In 2026, as generative AI reshapes the tech industry landscape, while most internet giants are competing to invest in billion-parameter models, Sohu has chosen a more practical path. At the recent Sohu Technology Annual Forum, CEO Zhang Chaoyang clearly stated that Sohu is not entering the "first-tier" development of large models, but rather focusing on "rational application based on its own business foundation." This statement is both a calm response to the industry's overenthusiasm and reflects the survival wisdom of mid-sized tech companies in the AI era.

Strategic Trade-offs: Why "Not Joining the First Tier"?

Zhang Chaoyang's judgment is based on three real-world considerations:

Consideration DimensionSpecific LogicIndustry Comparison
Financial BarriersTraining billion-parameter models requires hundreds of millions of dollars in computing power investment, with short iteration cycles and high sunk costs.Baidu, Alibaba, and Tencent all spend over ten billion yuan annually on AI, making it difficult for Sohu to match at the same level.
Technical BarriersDeveloping large models requires top algorithm teams, massive high-quality data, and engineering capabilities, which cannot be quickly compensated.Top manufacturers have already built a "data-compute-talent" loop, and the window for later entrants to catch up is narrowing.
Commercial ReturnThe monetization path for general-purpose large models is still unclear, while vertical scenario applications can already generate immediate value.Sohu chooses to "use others' models and do its own business," reducing the cost of trial and error.

This strategy is not "giving up," but rather a precise positioning: seeking the optimal solution of "model capability × business scenario" outside the competition of computing power and parameters.

Implementation Path: Efficiency First, Content King

Sohu's AI applications focus on two directions:

  1. Efficiency and Cost Reduction:
    • Programming Assistance: Introducing code generation tools to improve R&D efficiency and shorten product iteration cycles;
    • Operational Automation: Using AI to handle repetitive tasks such as content review, user feedback, and data analysis, freeing up human resources to focus on creativity and strategy;
    • Cost Optimization: Using intelligent scheduling to reduce server resource consumption and improve the output per unit of computing power.
  2. Content Restraint:
    • Maintaining Neutrality: Clearly labeling AI-generated content to avoid misleading users by "machines pretending to be humans";
    • Avoiding Chaos Risks: Not blindly pursuing "automatic writing" or "mass production," prioritizing information accuracy and value orientation;
    • Human-Machine Collaboration: Journalists and editors remain the main decision-makers for content, with AI serving only as an auxiliary tool for material organization and fact-checking.

Zhang Chaoyang emphasized specifically: "The core value of a content platform is trust. Sacrificing neutrality for short-term traffic would harm long-term brand assets." This position is particularly precious in a content ecosystem where "clickbait headlines," "plagiarism," and "false information" are frequent.
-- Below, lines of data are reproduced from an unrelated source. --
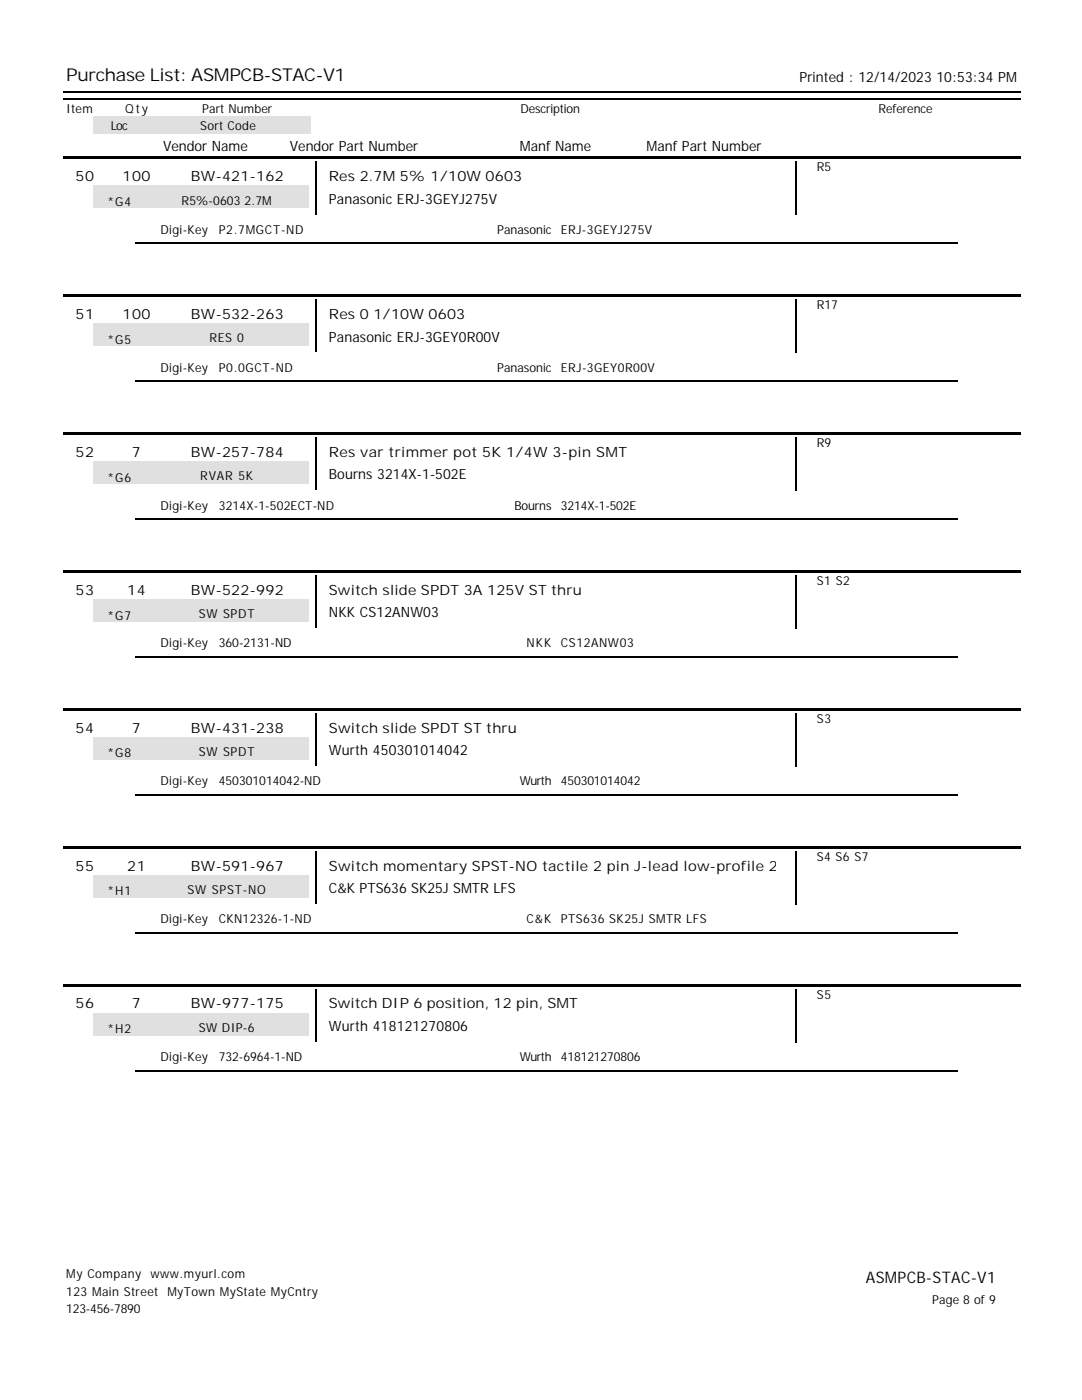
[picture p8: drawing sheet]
<svg xmlns="http://www.w3.org/2000/svg" width="216mm" height="279mm" viewBox="0 0 216 279" stroke-linecap="round" stroke-linejoin="round" font-family="sans-serif">
<defs><g id="words">
<text font-size="3.5" x="13.2" y="16.2">Purchase List: ASMPCB-STAC-V1</text>
<text font-size="3.2" x="172.8" y="256.1">ASMPCB-STAC-V1</text>
<g font-size="2.8">
<text x="159.5" y="16.3">Printed : 12/14/2023 10:53:34 PM</text>
<text x="32.5" y="30.1">Vendor Name</text>
<text x="57.8" y="30.1">Vendor Part Number</text>
<text x="103.7" y="30.1">Manf Name</text>
<text x="129" y="30.1">Manf Part Number</text>
<text x="15.1" y="36.2">50</text>
<text x="24.5" y="36.2">100</text>
<text x="38.1" y="36.2">BW-421-162</text>
<text x="65.6" y="36.2">Res 2.7M 5% 1/10W 0603</text>
<text x="65.6" y="40.7">Panasonic ERJ-3GEYJ275V</text>
<text x="15.1" y="63.7">51</text>
<text x="24.5" y="63.7">100</text>
<text x="38.1" y="63.7">BW-532-263</text>
<text x="65.6" y="63.7">Res 0 1/10W 0603</text>
<text x="65.6" y="68.2">Panasonic ERJ-3GEY0R00V</text>
<text x="15.1" y="91.2">52</text>
<text x="26.3" y="91.2">7</text>
<text x="38.1" y="91.2">BW-257-784</text>
<text x="65.6" y="91.2">Res var trimmer pot 5K 1/4W 3-pin SMT</text>
<text x="65.6" y="95.7">Bourns 3214X-1-502E</text>
<text x="15.1" y="118.7">53</text>
<text x="25.4" y="118.7">14</text>
<text x="38.1" y="118.7">BW-522-992</text>
<text x="65.6" y="118.7">Switch slide SPDT 3A 125V ST thru</text>
<text x="65.6" y="123.2">NKK CS12ANW03</text>
<text x="15.1" y="146.2">54</text>
<text x="26.3" y="146.2">7</text>
<text x="38.1" y="146.2">BW-431-238</text>
<text x="65.6" y="146.2">Switch slide SPDT ST thru</text>
<text x="65.6" y="150.7">Wurth 450301014042</text>
<text x="15.1" y="173.7">55</text>
<text x="25.4" y="173.7">21</text>
<text x="38.1" y="173.7">BW-591-967</text>
<text x="65.6" y="173.7">Switch momentary SPST-NO tactile 2 pin J-lead low-profile 2.5mm SMT</text>
<text x="65.6" y="178.2">C&amp;K PTS636 SK25J SMTR LFS</text>
<text x="15.1" y="201.3">56</text>
<text x="26.3" y="201.3">7</text>
<text x="38.1" y="201.3">BW-977-175</text>
<text x="65.6" y="201.3">Switch DIP 6 position, 12 pin, SMT</text>
<text x="65.6" y="205.8">Wurth 418121270806</text>
</g>
<g font-size="2.5">
<text x="13.2" y="22.6">Item</text>
<text x="25" y="22.6">Qty</text>
<text x="40.3" y="22.6">Part Number</text>
<text x="103.8" y="22.6">Description</text>
<text x="175.3" y="22.6">Reference</text>
<text x="22.1" y="26">Loc</text>
<text x="40" y="26">Sort Code</text>
<text x="163" y="34.2">R5</text>
<text x="21.4" y="41.1">*G4</text>
<text x="36.2" y="40.8">R5%-0603 2.7M</text>
<text x="32" y="46.7">Digi-Key</text>
<text x="43.7" y="46.7">P2.7MGCT-ND</text>
<text x="99.2" y="46.7">Panasonic</text>
<text x="111.9" y="46.7">ERJ-3GEYJ275V</text>
<text x="163" y="61.7">R17</text>
<text x="21.4" y="68.6">*G5</text>
<text x="41.8" y="68.4">RES 0</text>
<text x="32" y="74.2">Digi-Key</text>
<text x="43.7" y="74.2">P0.0GCT-ND</text>
<text x="99.2" y="74.2">Panasonic</text>
<text x="111.9" y="74.2">ERJ-3GEY0R00V</text>
<text x="163" y="89.3">R9</text>
<text x="40" y="95.9">RVAR 5K</text>
<text x="21.4" y="96.1">*G6</text>
<text x="32" y="101.7">Digi-Key</text>
<text x="43.7" y="101.7">3214X-1-502ECT-ND</text>
<text x="102.7" y="101.7">Bourns</text>
<text x="111.9" y="101.7">3214X-1-502E</text>
<text x="163" y="116.8">S1 S2</text>
<text x="21.4" y="123.6">*G7</text>
<text x="39.7" y="123.4">SW SPDT</text>
<text x="32" y="129.2">Digi-Key</text>
<text x="43.7" y="129.2">360-2131-ND</text>
<text x="105" y="129.2">NKK</text>
<text x="111.9" y="129.2">CS12ANW03</text>
<text x="163" y="144.3">S3</text>
<text x="21.4" y="151.2">*G8</text>
<text x="39.7" y="150.9">SW SPDT</text>
<text x="32" y="156.7">Digi-Key</text>
<text x="43.7" y="156.7">450301014042-ND</text>
<text x="103.7" y="156.7">Wurth</text>
<text x="111.9" y="156.7">450301014042</text>
<text x="163" y="171.8">S4 S6 S7</text>
<text x="21.4" y="178.7">*H1</text>
<text x="37.4" y="178.4">SW SPST-NO</text>
<text x="32" y="184.2">Digi-Key</text>
<text x="43.7" y="184.2">CKN12326-1-ND</text>
<text x="105" y="184.2">C&amp;K</text>
<text x="111.9" y="184.2">PTS636 SK25J SMTR LFS</text>
<text x="163" y="199.3">S5</text>
<text x="21.4" y="206.2">*H2</text>
<text x="39.7" y="205.9">SW DIP-6</text>
<text x="32" y="211.8">Digi-Key</text>
<text x="43.7" y="211.8">732-6964-1-ND</text>
<text x="103.7" y="211.8">Wurth</text>
<text x="111.9" y="211.8">418121270806</text>
<text x="13.2" y="255.1">My Company</text>
<text x="30" y="255.1">www.myurl.com</text>
<text x="13.2" y="258.6">123 Main Street</text>
<text x="13.2" y="262">123-456-7890</text>
<text x="33.4" y="258.6">MyTown MyState MyCntry</text>
<text x="186" y="260.2">Page 8 of 9</text>
</g>
</g></defs>
<path d="M12.7 18.4h191" fill="none" stroke="#000" stroke-width=".26"/>
<g fill="#fff">
<path d="M27 27h28v4h-28z"/>
<path d="M56.6 27h28.1v4h-28.1z"/>
<path d="M96.8 27h28.1v4h-28.1z"/>
<path d="M126.5 27h28.3v4h-28.3z"/>
</g>
<path d="M12.7 19.7h191" fill="none" stroke="#000" stroke-width=".26"/>
<g fill="#e0e0e0">
<path d="M18.5 23.3h10.9v3.4h-10.9z"/>
<path d="M29.4 23.3h32.5v3.4h-32.5z"/>
</g>
<g fill="#fff">
<path d="M65.1 32.5h89.7v4.5h-89.7z"/>
<path d="M65.1 37h89.7v4.5h-89.7z"/>
</g>
<path d="M158.9 32.3v10.6" fill="none" stroke="#000" stroke-width=".26"/>
<path d="M29.1 37h32.5v4.5h-32.5z" fill="#e0e0e0"/>
<path d="M14 42.9h28.1v4.5h-28.1z" fill="#fff"/>
<path d="M63.1 32.3v10.6" fill="none" stroke="#000" stroke-width=".26"/>
<g fill="#fff">
<path d="M43.1 42.9h45v4.5h-45z"/>
<path d="M88.9 42.9h21.7v4.5h-21.7z"/>
<path d="M111.4 42.9h45v4.5h-45z"/>
</g>
<path d="M12.7 31.2h191v.6h-191z" fill="#000"/>
<path d="M18.5 37h10.9v4.5h-10.9z" fill="#e0e0e0"/>
<path d="M27 48.6h164" fill="none" stroke="#000" stroke-width=".26"/>
<g fill="#fff">
<path d="M27 48.9h28v4.5h-28z"/>
<path d="M56.6 48.9h45v4.5h-45z"/>
<path d="M56.6 53.4h45v4.5h-45z"/>
<path d="M27 53.4h28v4.5h-28z"/>
<path d="M145.8 48.9h45v4.5h-45z"/>
<path d="M116.2 48.9h28v4.5h-28z"/>
<path d="M116.2 53.4h28v4.5h-28z"/>
<path d="M145.8 53.4h45v4.5h-45z"/>
<path d="M65.1 60.1h89.7v4.5h-89.7z"/>
<path d="M65.1 64.6h89.7v4.5h-89.7z"/>
</g>
<path d="M158.9 59.8v10.6" fill="none" stroke="#000" stroke-width=".26"/>
<path d="M29.1 64.6h32.5v4.5h-32.5z" fill="#e0e0e0"/>
<path d="M14 70.4h28.1v4.5h-28.1z" fill="#fff"/>
<path d="M63.1 59.8v10.6" fill="none" stroke="#000" stroke-width=".26"/>
<g fill="#fff">
<path d="M43.1 70.4h45v4.5h-45z"/>
<path d="M88.9 70.4h21.7v4.5h-21.7z"/>
<path d="M111.4 70.4h45v4.5h-45z"/>
</g>
<path d="M12.7 58.7h191v.6h-191z" fill="#000"/>
<path d="M18.5 64.6h10.9v4.5h-10.9z" fill="#e0e0e0"/>
<path d="M27 76.1h164" fill="none" stroke="#000" stroke-width=".26"/>
<g fill="#fff">
<path d="M27 76.5h28v4.5h-28z"/>
<path d="M56.6 76.5h45v4.5h-45z"/>
<path d="M56.6 81h45v4.5h-45z"/>
<path d="M27 81h28v4.5h-28z"/>
<path d="M145.8 76.5h45v4.5h-45z"/>
<path d="M116.2 76.5h28v4.5h-28z"/>
<path d="M116.2 81h28v4.5h-28z"/>
<path d="M145.8 81h45v4.5h-45z"/>
<path d="M65.1 87.6h89.7v4.5h-89.7z"/>
<path d="M65.1 92.1h89.7v4.5h-89.7z"/>
</g>
<path d="M158.9 87.3v10.6" fill="none" stroke="#000" stroke-width=".26"/>
<path d="M29.1 92.1h32.5v4.5h-32.5z" fill="#e0e0e0"/>
<path d="M14 97.9h28.1v4.5h-28.1z" fill="#fff"/>
<path d="M63.1 87.3v10.6" fill="none" stroke="#000" stroke-width=".26"/>
<g fill="#fff">
<path d="M43.1 97.9h45v4.5h-45z"/>
<path d="M88.9 97.9h21.7v4.5h-21.7z"/>
<path d="M111.4 97.9h45v4.5h-45z"/>
</g>
<path d="M12.7 86.3h191v.5h-191z" fill="#000"/>
<path d="M18.5 92.1h10.9v4.5h-10.9z" fill="#e0e0e0"/>
<path d="M27 103.6h164" fill="none" stroke="#000" stroke-width=".26"/>
<g fill="#fff">
<path d="M27 104h28v4.5h-28z"/>
<path d="M56.6 104h45v4.5h-45z"/>
<path d="M56.6 108.5h45v4.5h-45z"/>
<path d="M27 108.5h28v4.5h-28z"/>
<path d="M145.8 104h45v4.5h-45z"/>
<path d="M116.2 104h28v4.5h-28z"/>
<path d="M116.2 108.5h28v4.5h-28z"/>
<path d="M145.8 108.5h45v4.5h-45z"/>
<path d="M65.1 115.1h89.7v4.5h-89.7z"/>
<path d="M65.1 119.6h89.7v4.5h-89.7z"/>
</g>
<path d="M158.9 114.8v10.6" fill="none" stroke="#000" stroke-width=".26"/>
<path d="M29.1 119.6h32.5v4.5h-32.5z" fill="#e0e0e0"/>
<path d="M14 125.4h28.1v4.5h-28.1z" fill="#fff"/>
<path d="M63.1 114.8v10.6" fill="none" stroke="#000" stroke-width=".26"/>
<g fill="#fff">
<path d="M43.1 125.4h45v4.5h-45z"/>
<path d="M88.9 125.4h21.7v4.5h-21.7z"/>
<path d="M111.4 125.4h45v4.5h-45z"/>
</g>
<path d="M12.7 113.8h191v.5h-191z" fill="#000"/>
<path d="M18.5 119.6h10.9v4.5h-10.9z" fill="#e0e0e0"/>
<path d="M27 131.1h164" fill="none" stroke="#000" stroke-width=".26"/>
<g fill="#fff">
<path d="M27 131.5h28v4.5h-28z"/>
<path d="M56.6 131.5h45v4.5h-45z"/>
<path d="M56.6 136h45v4.5h-45z"/>
<path d="M27 136h28v4.5h-28z"/>
<path d="M145.8 131.5h45v4.5h-45z"/>
<path d="M116.2 131.5h28v4.5h-28z"/>
<path d="M116.2 136h28v4.5h-28z"/>
<path d="M145.8 136h45v4.5h-45z"/>
<path d="M65.1 142.6h89.7v4.5h-89.7z"/>
<path d="M65.1 147.1h89.7v4.5h-89.7z"/>
</g>
<path d="M158.9 142.3v10.6" fill="none" stroke="#000" stroke-width=".26"/>
<path d="M29.1 147.1h32.5v4.5h-32.5z" fill="#e0e0e0"/>
<path d="M14 152.9h28.1v4.5h-28.1z" fill="#fff"/>
<path d="M63.1 142.3v10.6" fill="none" stroke="#000" stroke-width=".26"/>
<g fill="#fff">
<path d="M43.1 152.9h45v4.5h-45z"/>
<path d="M88.9 152.9h21.7v4.5h-21.7z"/>
<path d="M111.4 152.9h45v4.5h-45z"/>
</g>
<path d="M12.7 141.3h191v.5h-191z" fill="#000"/>
<path d="M18.5 147.1h10.9v4.5h-10.9z" fill="#e0e0e0"/>
<path d="M27 158.6h164" fill="none" stroke="#000" stroke-width=".26"/>
<g fill="#fff">
<path d="M27 159h28v4.5h-28z"/>
<path d="M56.6 159h45v4.5h-45z"/>
<path d="M56.6 163.5h45v4.5h-45z"/>
<path d="M27 163.5h28v4.5h-28z"/>
<path d="M145.8 159h45v4.5h-45z"/>
<path d="M116.2 159h28v4.5h-28z"/>
<path d="M116.2 163.5h28v4.5h-28z"/>
<path d="M145.8 163.5h45v4.5h-45z"/>
<path d="M65.1 170.1h89.7v4.5h-89.7z"/>
<path d="M65.1 174.6h89.7v4.5h-89.7z"/>
</g>
<path d="M158.9 169.9v10.5" fill="none" stroke="#000" stroke-width=".26"/>
<path d="M29.1 174.6h32.5v4.5h-32.5z" fill="#e0e0e0"/>
<path d="M14 180.4h28.1v4.5h-28.1z" fill="#fff"/>
<path d="M63.1 169.9v10.5" fill="none" stroke="#000" stroke-width=".26"/>
<g fill="#fff">
<path d="M43.1 180.4h45v4.5h-45z"/>
<path d="M88.9 180.4h21.7v4.5h-21.7z"/>
<path d="M111.4 180.4h45v4.5h-45z"/>
</g>
<path d="M12.7 168.8h191v.5h-191z" fill="#000"/>
<path d="M18.5 174.6h10.9v4.5h-10.9z" fill="#e0e0e0"/>
<path d="M27 186.1h164" fill="none" stroke="#000" stroke-width=".26"/>
<g fill="#fff">
<path d="M27 186.5h28v4.5h-28z"/>
<path d="M56.6 186.5h45v4.5h-45z"/>
<path d="M56.6 191h45v4.5h-45z"/>
<path d="M27 191h28v4.5h-28z"/>
<path d="M145.8 186.5h45v4.5h-45z"/>
<path d="M116.2 186.5h28v4.5h-28z"/>
<path d="M116.2 191h28v4.5h-28z"/>
<path d="M145.8 191h45v4.5h-45z"/>
<path d="M65.1 197.6h89.7v4.5h-89.7z"/>
<path d="M65.1 202.1h89.7v4.5h-89.7z"/>
</g>
<path d="M158.9 197.4v10.6" fill="none" stroke="#000" stroke-width=".26"/>
<path d="M29.1 202.1h32.5v4.5h-32.5z" fill="#e0e0e0"/>
<path d="M14 208h28.1v4.5h-28.1z" fill="#fff"/>
<path d="M63.1 197.4v10.6" fill="none" stroke="#000" stroke-width=".26"/>
<g fill="#fff">
<path d="M43.1 208h45v4.5h-45z"/>
<path d="M88.9 208h21.7v4.5h-21.7z"/>
<path d="M111.4 208h45v4.5h-45z"/>
</g>
<path d="M12.7 196.3h191v.5h-191z" fill="#000"/>
<path d="M18.5 202.1h10.9v4.5h-10.9z" fill="#e0e0e0"/>
<path d="M27 213.7h164" fill="none" stroke="#000" stroke-width=".26"/>
<g fill="#fff">
<path d="M27 214h28v4.5h-28z"/>
<path d="M56.6 214h45v4.5h-45z"/>
<path d="M56.6 218.5h45v4.5h-45z"/>
<path d="M27 218.5h28v4.5h-28z"/>
<path d="M145.8 214h45v4.5h-45z"/>
<path d="M116.2 214h28v4.5h-28z"/>
<path d="M116.2 218.5h28v4.5h-28z"/>
<path d="M145.8 218.5h45v4.5h-45z"/>
</g>
<use href="#words"/>
</svg>

Industry Insights: The "Rational Survival Rules" for Mid-Sized Companies

Sohu's choice provides a reference model for companies that have not entered the "first tier" of large model development:

  • Not Competing on Parameters, but on Scenarios: Leave general capabilities to leading companies, and focus on deep optimization in vertical scenarios;
  • Not Re-inventing the Wheel, but Using the Wheel: Reuse mature capabilities through API calls and model fine-tuning to reduce R&D risks;
  • Not Chasing Trends, but Upholding Principles: In high-sensitivity fields like content, finance, and healthcare, place "compliance" and "trustworthiness" before "innovation."

This "pragmatism" strategy may be the optimal solution for mid-sized tech companies under resource constraints: instead of running in a red ocean, they should focus on niche areas.

Challenges and Outlook

Certainly, this path also faces challenges:

  • Technology Dependency Risk: If the underlying model provider changes its strategy or increases prices, Sohu's application layer capabilities might become dependent on others;
  • Differentiation Challenges: When multiple companies use the same model, how to build unique user value?
  • Content Boundary Management: Finding a balance between "restraint" and "innovation" requires continuous mechanism design and value alignment.